• EXERCISE REQUIREMENTS
Leave the pictures out and return every line below exactly.
BEGIN RAW DATA
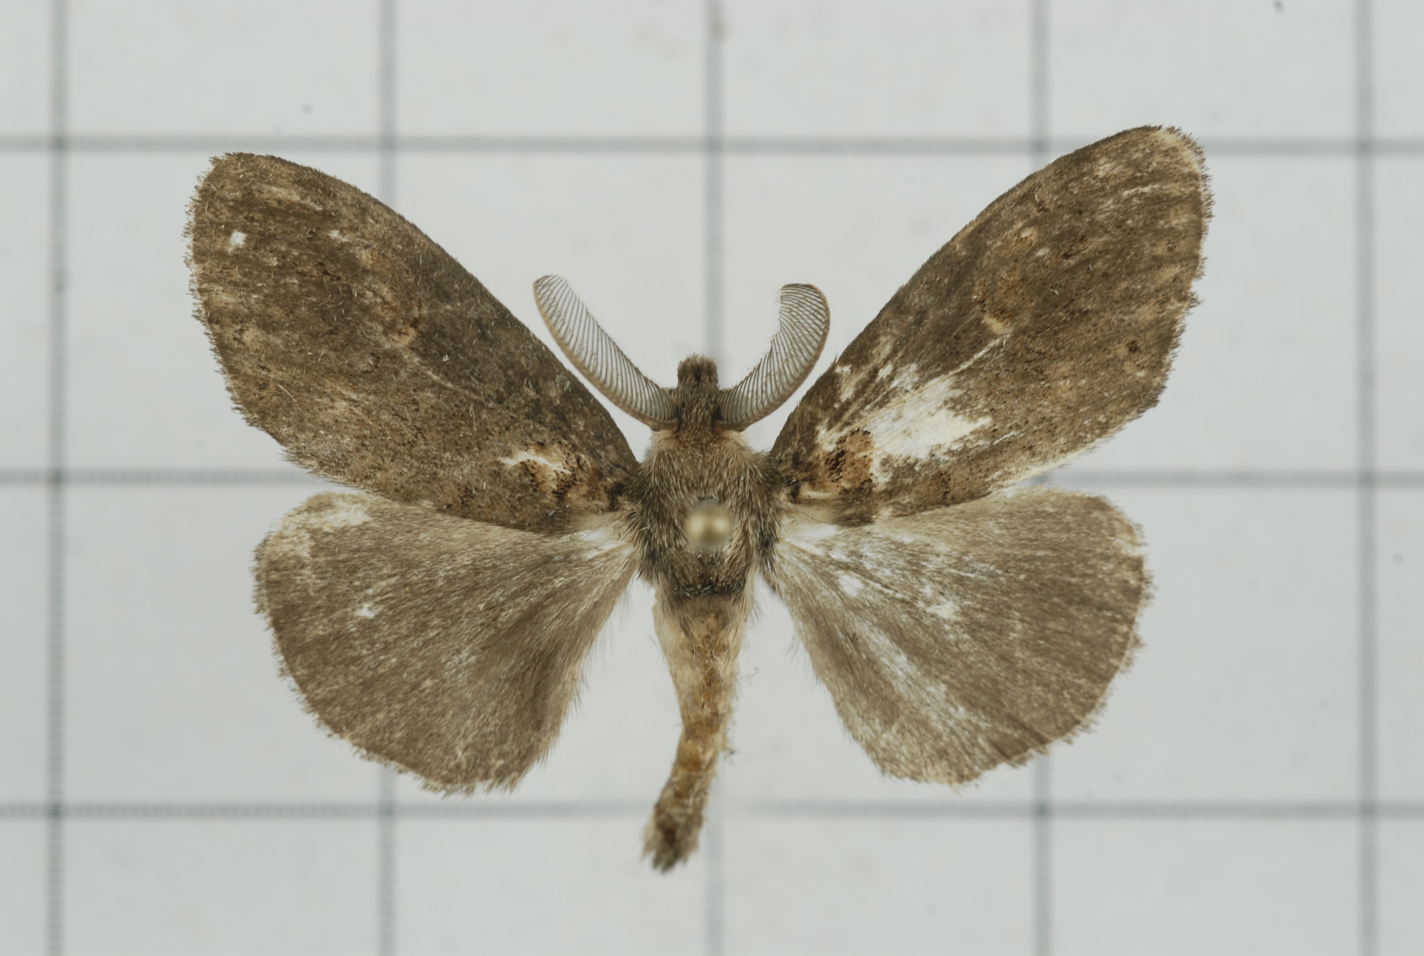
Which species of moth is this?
Olene dudgeoni
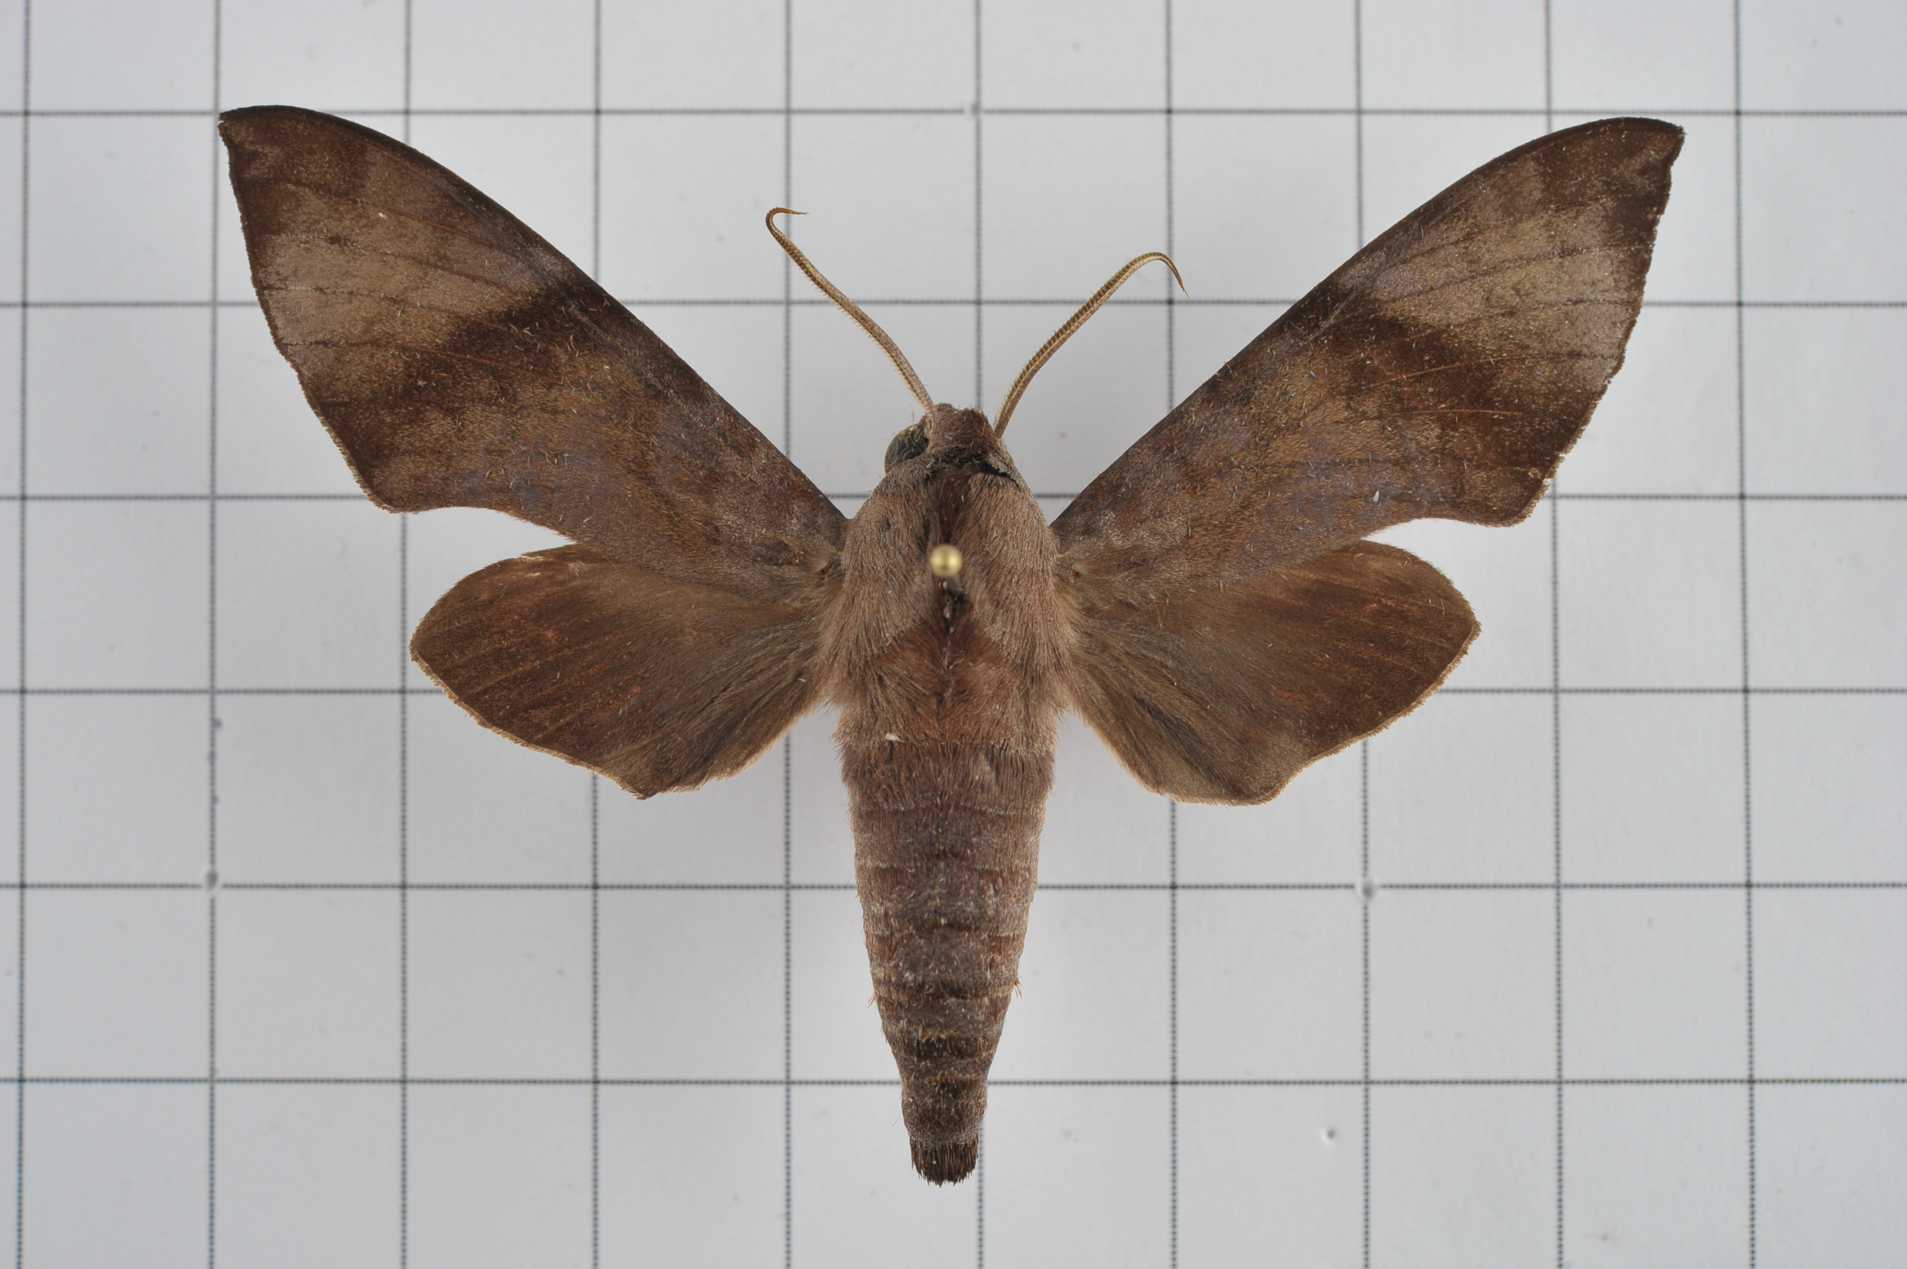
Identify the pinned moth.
Acosmeryx formosana
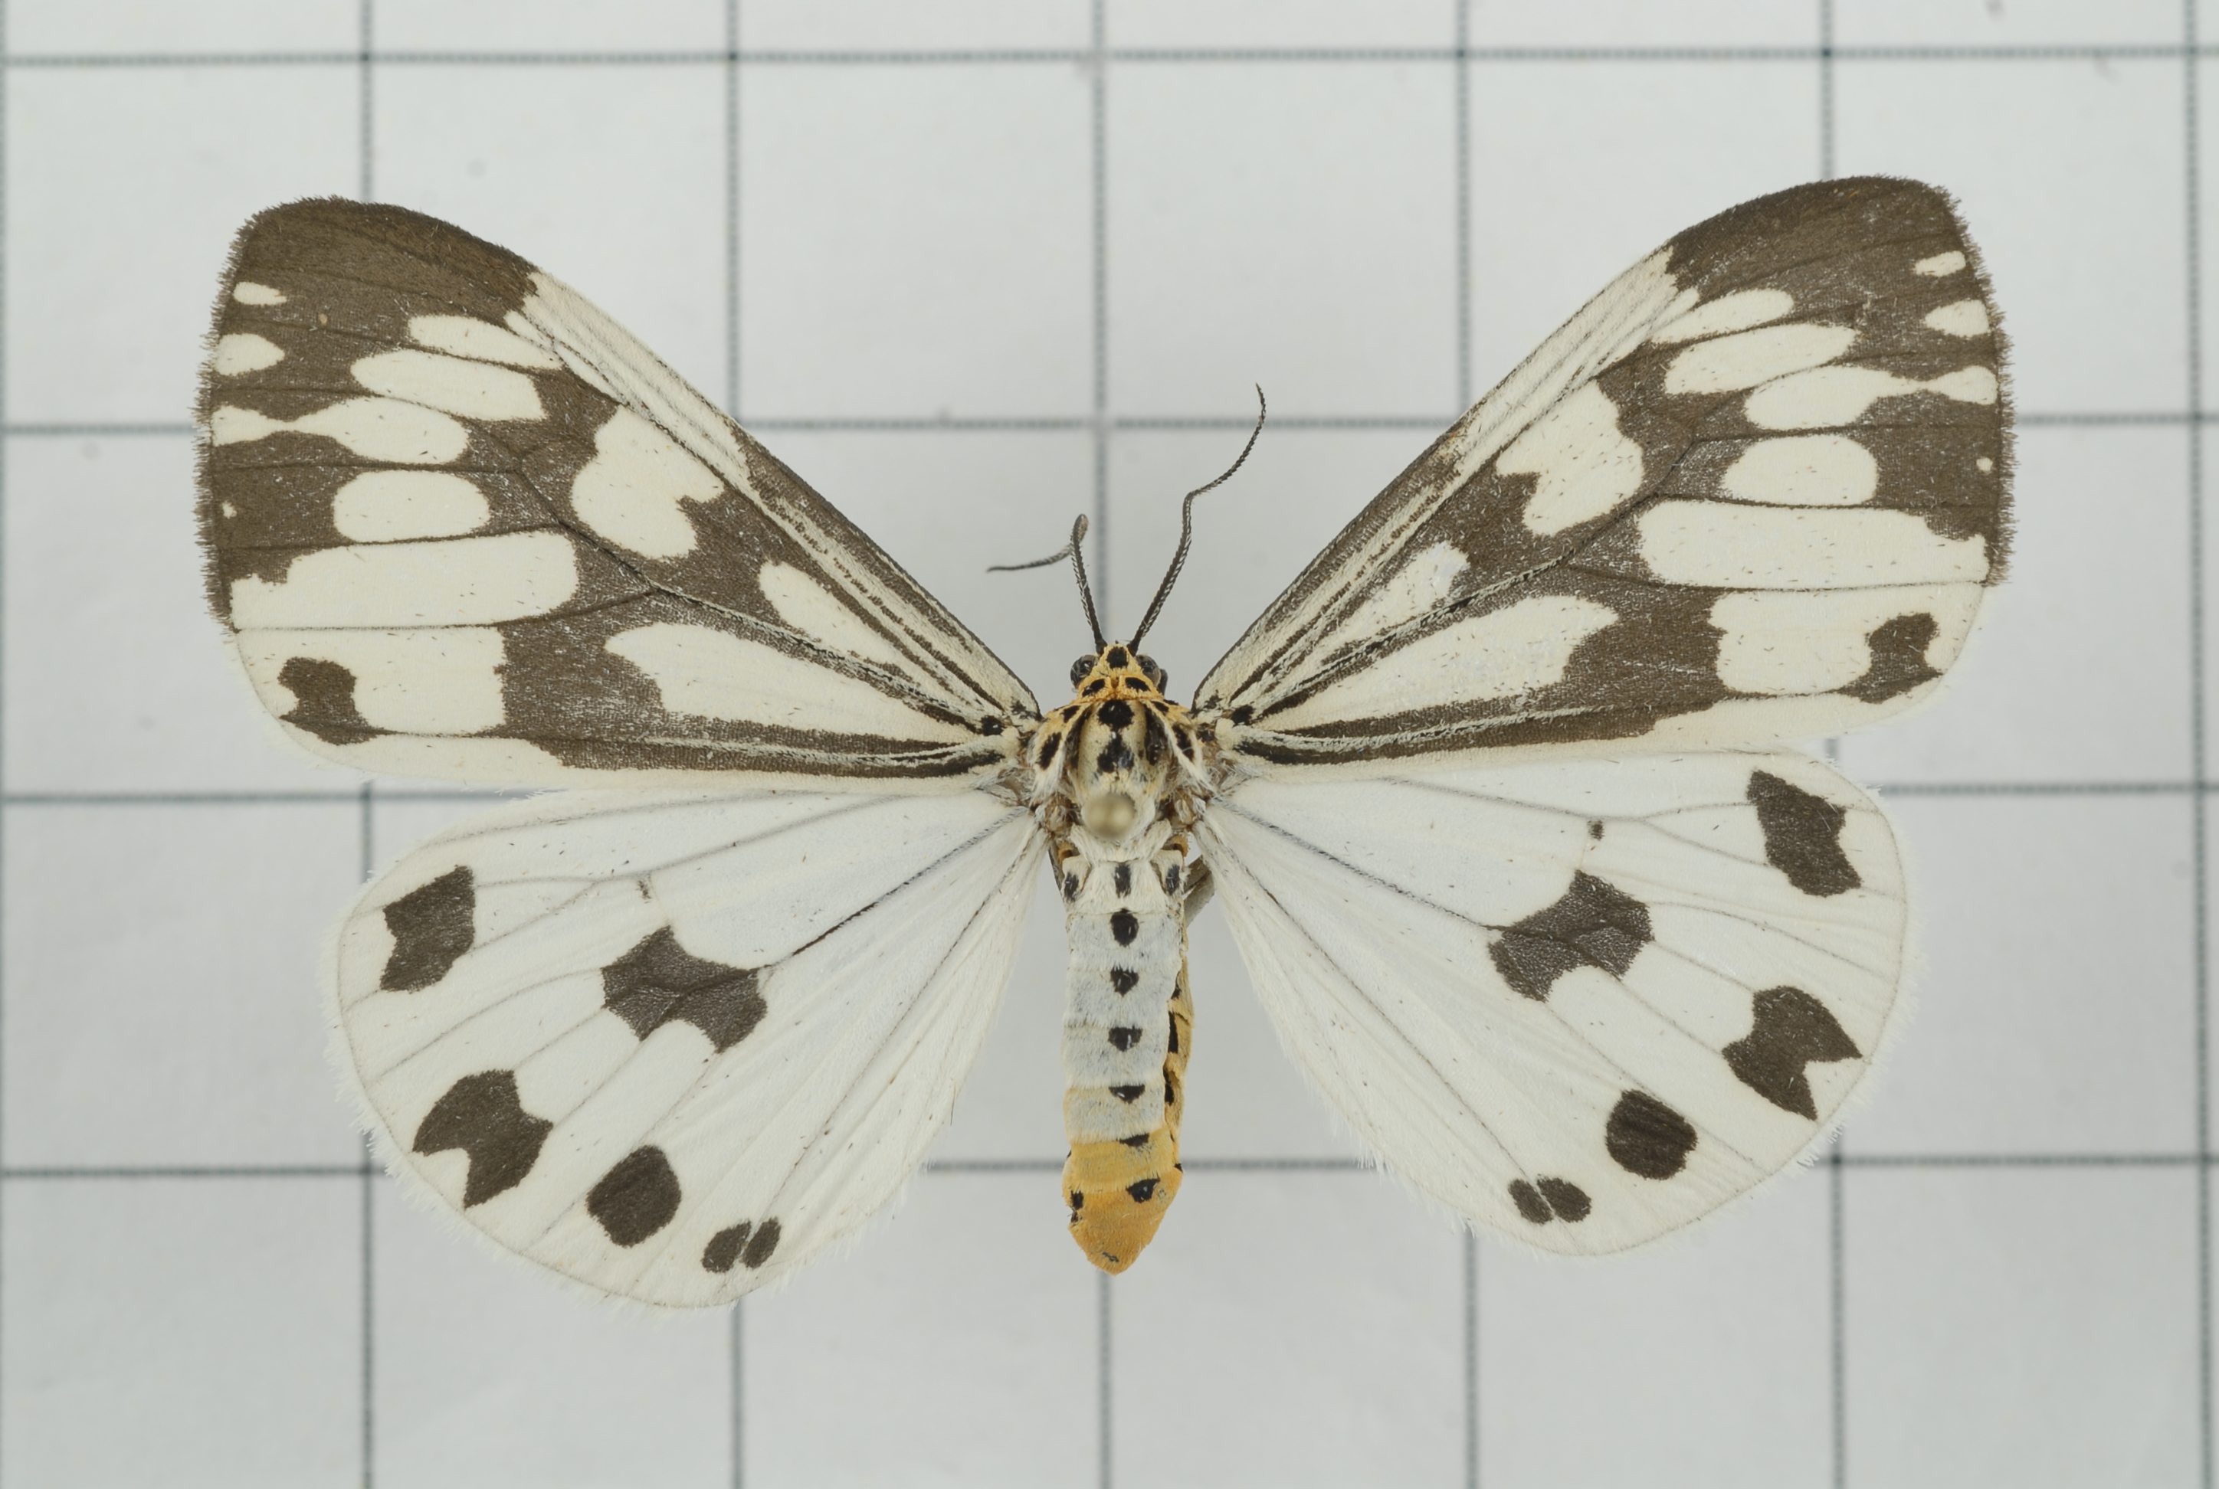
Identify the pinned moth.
END RAW DATA
• SOLUTION FOR THIS PROBLEM
Which species of moth is this?
Olene dudgeoni
Identify the pinned moth.
Acosmeryx formosana
Identify the pinned moth.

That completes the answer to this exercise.